**Problem:** Among the records that follow, count the lines with the string "degrees"; report only that count.

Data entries
=== Begin Enclosure ===
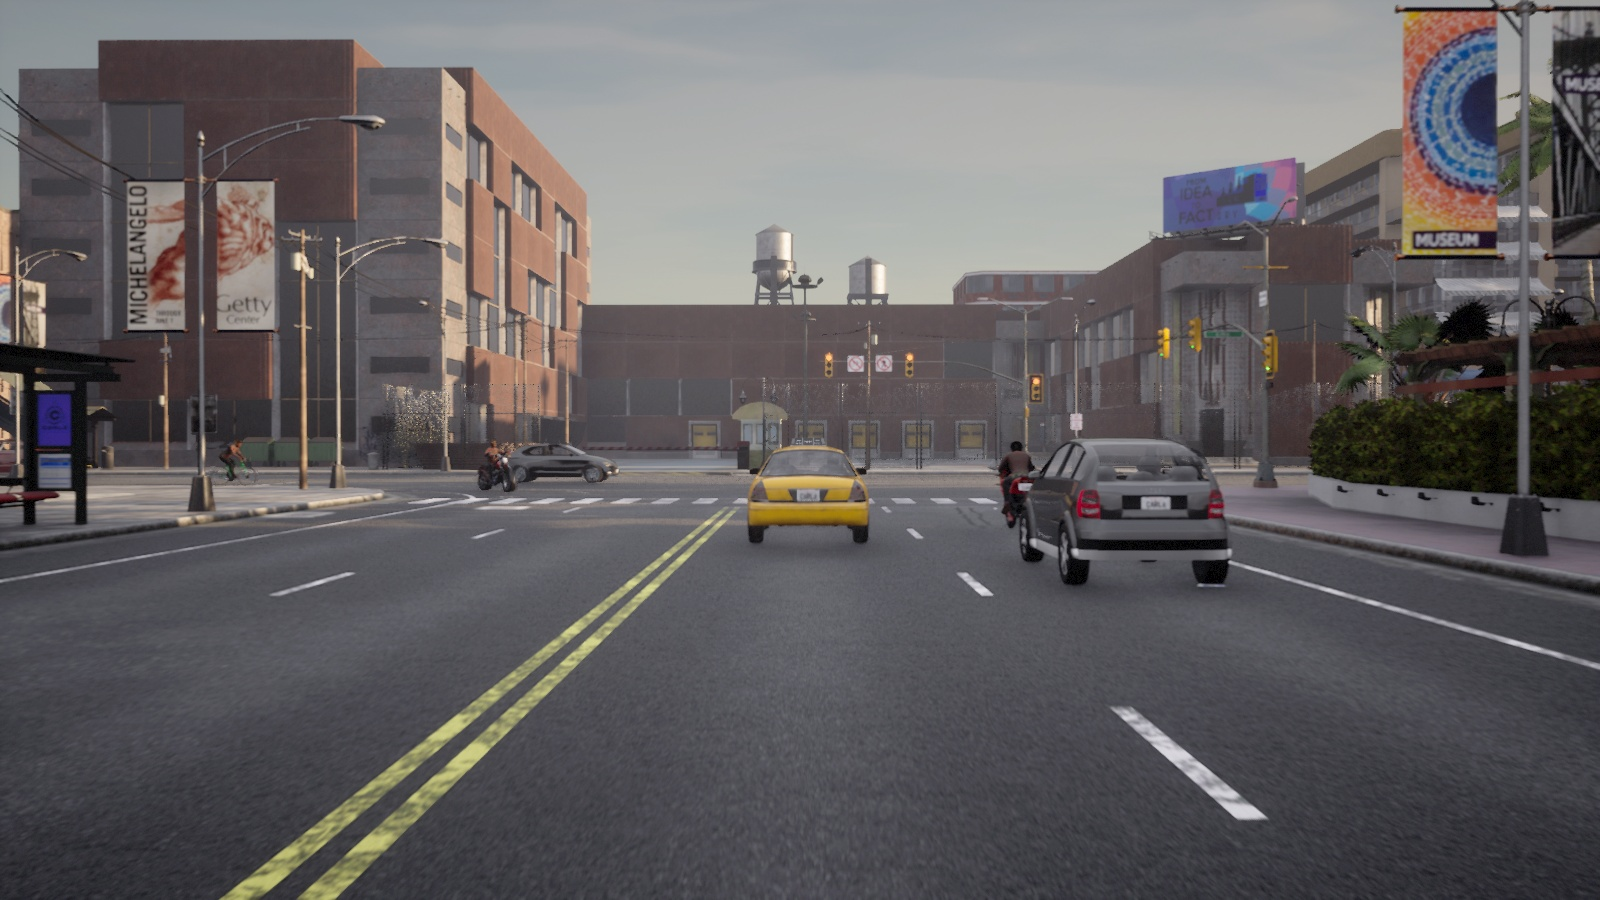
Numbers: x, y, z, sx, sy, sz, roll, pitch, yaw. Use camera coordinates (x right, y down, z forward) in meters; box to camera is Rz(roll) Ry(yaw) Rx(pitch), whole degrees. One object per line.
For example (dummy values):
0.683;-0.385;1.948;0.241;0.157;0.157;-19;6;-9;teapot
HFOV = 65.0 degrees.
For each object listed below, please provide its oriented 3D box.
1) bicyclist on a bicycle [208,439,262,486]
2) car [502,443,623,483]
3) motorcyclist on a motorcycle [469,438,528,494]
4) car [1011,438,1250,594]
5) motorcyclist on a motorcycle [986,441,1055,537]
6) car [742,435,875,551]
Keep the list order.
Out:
-19.720;0.436;43.852;1.656;1.620;0.582;0;1;4;bicyclist on a bicycle
-8.893;0.487;47.259;4.193;1.474;1.816;0;0;1;car
-9.263;0.472;38.511;0.766;1.649;2.350;-1;1;-39;motorcyclist on a motorcycle
3.593;0.645;14.337;1.789;1.549;3.705;0;0;1;car
3.634;0.614;20.886;0.797;1.523;2.044;0;0;0;motorcyclist on a motorcycle
0.127;0.574;19.765;1.801;1.575;5.366;0;0;0;car
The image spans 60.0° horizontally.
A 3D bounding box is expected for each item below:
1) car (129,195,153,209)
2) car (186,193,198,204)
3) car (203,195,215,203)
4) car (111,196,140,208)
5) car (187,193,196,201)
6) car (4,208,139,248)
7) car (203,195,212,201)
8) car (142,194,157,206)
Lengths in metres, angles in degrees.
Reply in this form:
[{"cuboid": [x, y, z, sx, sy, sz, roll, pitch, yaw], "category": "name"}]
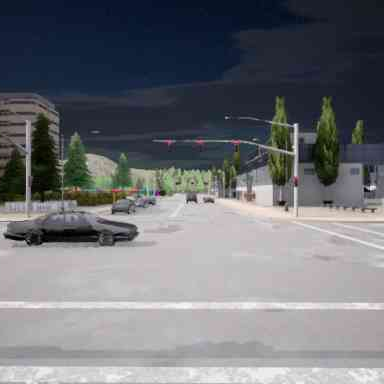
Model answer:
[{"cuboid": [-7.114, 1.491, 45.482, 2.128, 1.511, 4.902, 0, 0, 0], "category": "car"}, {"cuboid": [-0.037, 1.220, 66.181, 2.150, 2.045, 5.566, 0, 0, 0], "category": "car"}, {"cuboid": [3.462, 1.599, 66.557, 1.895, 1.301, 4.718, 0, 0, 0], "category": "car"}, {"cuboid": [-7.137, 1.504, 35.034, 1.837, 1.490, 4.892, 0, 0, 1], "category": "car"}, {"cuboid": [-0.043, 1.209, 76.803, 2.097, 1.767, 4.553, 0, 0, 0], "category": "car"}, {"cuboid": [-5.066, 1.547, 14.321, 5.357, 1.411, 2.033, 0, 0, 2], "category": "car"}, {"cuboid": [3.457, 1.449, 76.865, 1.895, 1.301, 4.718, 0, 0, 0], "category": "car"}, {"cuboid": [-7.113, 1.546, 56.465, 2.033, 1.411, 5.357, 0, 0, 0], "category": "car"}]
=== End Enclosure ===
**Answer to this exercise:** 3